« Data Points | Main | Worried About WaMu? »

Friday, September 12, 2008 at 03:53PM

The Grumbler


Now that I've been accused as a guy who grouses, I'll let it be known that the fourth T-shirt slogan that was finally vetoed was "The Grumbler".

Whether you want to call it grousing, grumbling, muttering under breath, or just flat-out banging-head-against-wall, the short sale market is VERY frustrating - mostly due to the antics of the listing agents.

Over the last three weeks I've written 20 offers, all of them short sales, REOs or properties in default, and gotten ONE accepted.

Here are the list prices, offer prices, and results:

$749,000    $650,000  seller countered $689K, even though loan was $800K-plus.

$585,000    $520,000  no response

$835,000*  $800,000  no response

$503,500    $499,000  multiple offers higher

not listed     $1.05 M      WaMu accepted SS yesterday

$460,000   $400,000   no response

$490,000   $400,000  after 161 days onmarket, a higher offer came in the same day

$725,000   $670,000  no response

$419,900   $350,000  no response

$320,000   $326,000  countered multiple offers

$299,000*  $300,000  no response

$329,900*  $331,000  listing agent countered over title company

$340,000   $300,000  no response

$375,000   $375,000  multiple offers, agent will counter when banks approves short sale

$332,500   $346,000  we offer $13,500 over list, and bank counters, no termite, no HPP. We walked

$379,000   $340,000  other offer higher

$335,000   $336,000  LA said no email offers, fax only

$532,000   $500,000  ten offers in, some over list

$424,900   $390,000  won't look at offer, pre-qual not from nationally-known lender

$365,900   $345,000  no response

*price is the low-end of their variable price range


Out of twenty offers made, eight of them didn't garner an email or call back.

This is why the myself and all agents are grousing about the market - just a simple courtesy call from the listing agent would go a long way to allow the unsuccessful buyers to move on to the next property.  Instead, you are left wondering if there is any hope.

****************************************************************

Not much hope left for this guy though.  This is Brent Wilkes' house in Poway.  He was the defense contractor who got in good with the politicians by running parties with hookers at the Watergate Hotel for years, including Duke Cunningham.  The Duke got defense contracts sent his way, and well, you know the rest.

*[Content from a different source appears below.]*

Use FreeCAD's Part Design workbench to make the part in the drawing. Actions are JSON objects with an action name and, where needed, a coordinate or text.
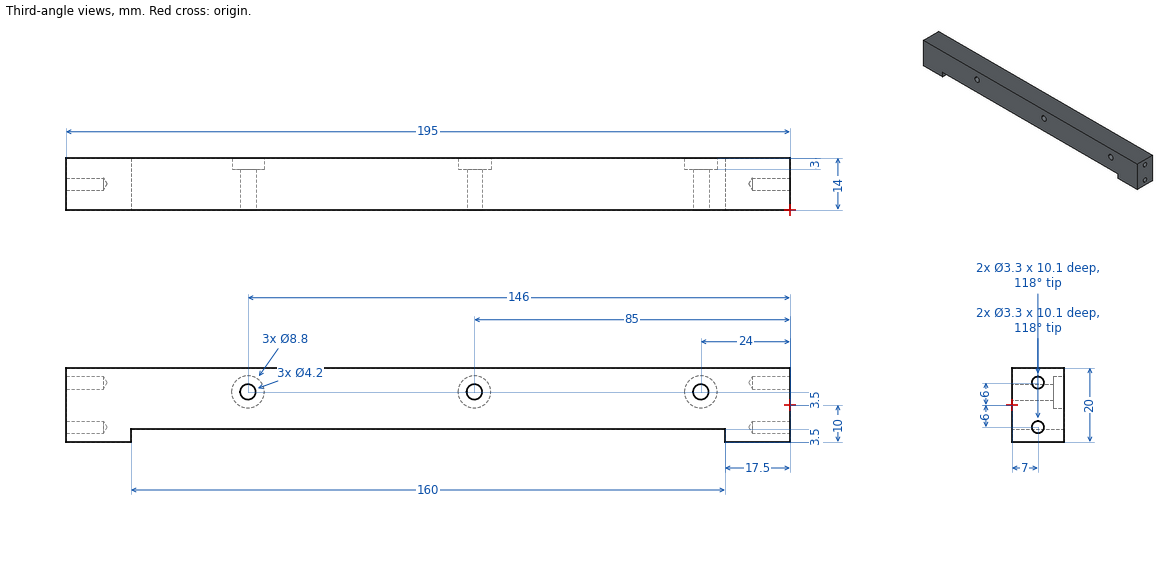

Brent is a Long Beach jail now, serving his time, and his 5,350 sf house was listed this week for $1,200,000 as a short sale, which is far under it's actual value.  There have been two closed sales on the street this year, $2,000,000 last month, and $2,875,000.

On his property's tax rolls it shows:

2/04  $7,500,000  Merrill Lynch

2/06  $1,500,000  Countrywide

4/07  $2,000,000  United States of America

The listing agent said that the USA lien was only around $600,000, and he was trying to get the lender to pay it.  Why the lender would accept an offer around $1,200,000 is beyond me, but they had 14 offers to choose from.  But the agent already had his buyer's offer in with the bank, and he said he thought it was going to blow - that's why he listed it in the MLS.  But he talked the bank into going back to work on his original deal anyway. 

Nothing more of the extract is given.